Yes, Viggen, people screen their world thorough a lens of subjective interpretation. Kant told us this many moons ago and Kuhn showed us how it even applies to the subjective lens of a scientist conducting scientific method (favoring confirmation of existing scientific truths as opposed to refutation). What I am saying, though, is that as one "seeps" into the music and the mind releases the attachment to objectify sound, the lens of subjectivity necessarily fades. In other words, "subjectivity" is composed of several prisms of interpretation. The surface lens composes the sense of subjective self and is structured of thinking about the "self". It is this level of cogniticizing that I am saying fades in its influence over the preceptive mind as a whole and this DYNAMIC precipitates greater receptivity to the musical message (their are other perceptive lens that do not fade, such as Kant's a priori space/time lens, which is why, in the deepest listening experiences we are more sensitive to spatial discontinuities in the stereo rendition at that time and less sentitive to "detail" that bounds perception of sound as an object, i.e. why with SE amp's detail seems less important an issue when you finally seep into the music and the more natural spatial presentation, in terms of its existential correctness, becomes intoxicating.) Subjective interpretive matrices CHANGE as that same mind, in whole, releases its instinct to objectify that which it experiences, including music.

Yes, in order to catalyze this experience, at least in stereo, the (objective) stereo piece must be used, but that does not mean that the objective is separate from the mind that created it or arranges it in a system. In fact, the subjective is causually prior to the objective; the mind that chooses a component is prior to the arrangement of that technology-component in his technology-system (just as the inventor's subjective mind is prior to the objective creation). Objective is casually dependant on subjective; they are not separate, except in the mind that wishes to make them separate (as in, the mind that desires to separate reality into objects).

Regarding neurosis in audio, yes, many people's ego structure (reflection of their self to their self) requires that they compete with others. These are the same people who are atached to the objectifiacation of reality, then carried into their stereo experience. All listening minds are not the same, however - regardless of our knee-jerk egalitarianism to the contrary. Pointing to this type of mind as what I am talking about misses the point. They may be the mean, but I am talking about a different subjectivity that is not tied for its identification on its powers of objectifiaction (hence, able to release that level of subjectivity easier and seep into the music).

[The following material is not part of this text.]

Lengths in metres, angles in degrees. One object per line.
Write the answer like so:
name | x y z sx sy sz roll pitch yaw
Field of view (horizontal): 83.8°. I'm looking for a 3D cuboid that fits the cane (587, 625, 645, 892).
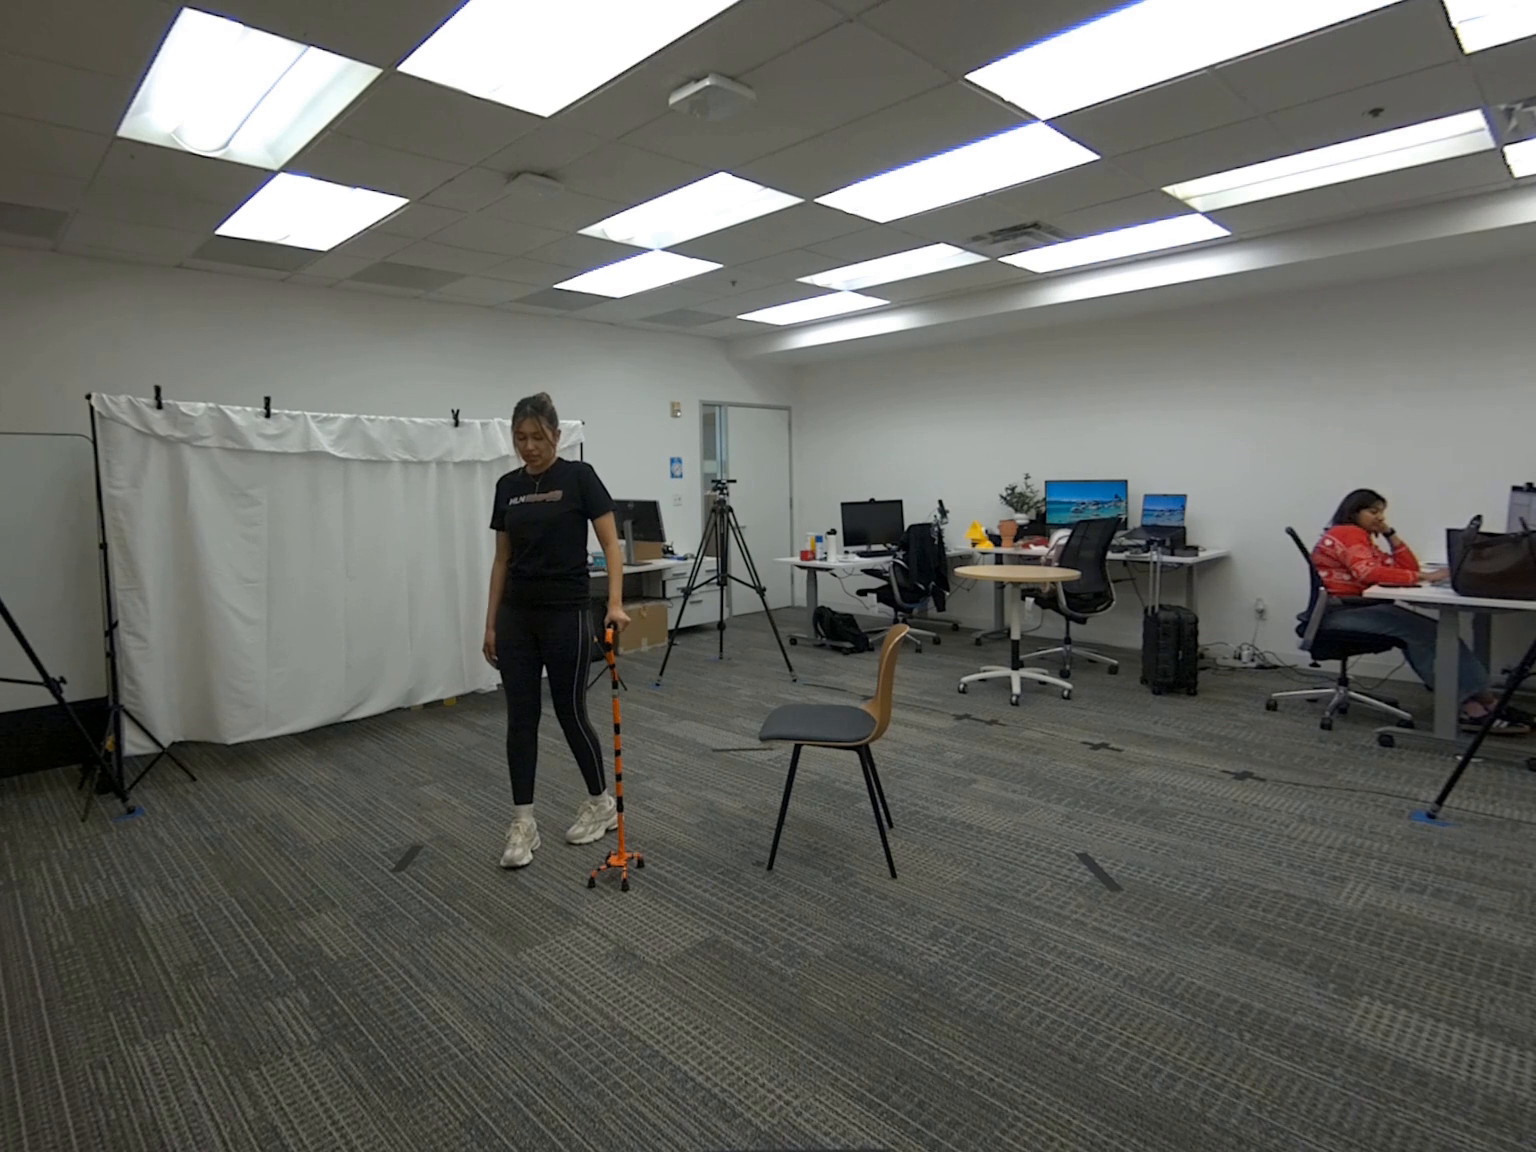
cane | -0.540 0.611 2.992 0.153 0.904 0.205 0 5 8

Yes, I agree, the notion that the subjective sound - the "absolute sound" - of live music is transferrable into all subjective experiences, stereo included, is a nice marketing idea, but it is not realizable through objective means, IMHO (somthing I once told HP when I wrote for him in another lifetime). But, it can be replicated in subjective ways: the beauty I experience, beyond thought, when enraptured by the sight of the sunset, or her face, or the beauty in the music, is the SAME beauty. At deeper levels of perceiving - as the sense of subjective fades as its delf-defining objectifying fades - the experience of beauty converges into one. This is why, regardless of our self structures, we are all drawn to music, or the sunset, or her face. There is no-thing more "Zen" than that.

As I said, though, you must be willing to engage the experiment - to let go of you self - to confirm what i am saying. Until then, you will only interpret the experiences that exist beyond your-self as non-existent. That's the way the "absolute beauty" in all of the above has set it up.

Thanks for your response, sincerely.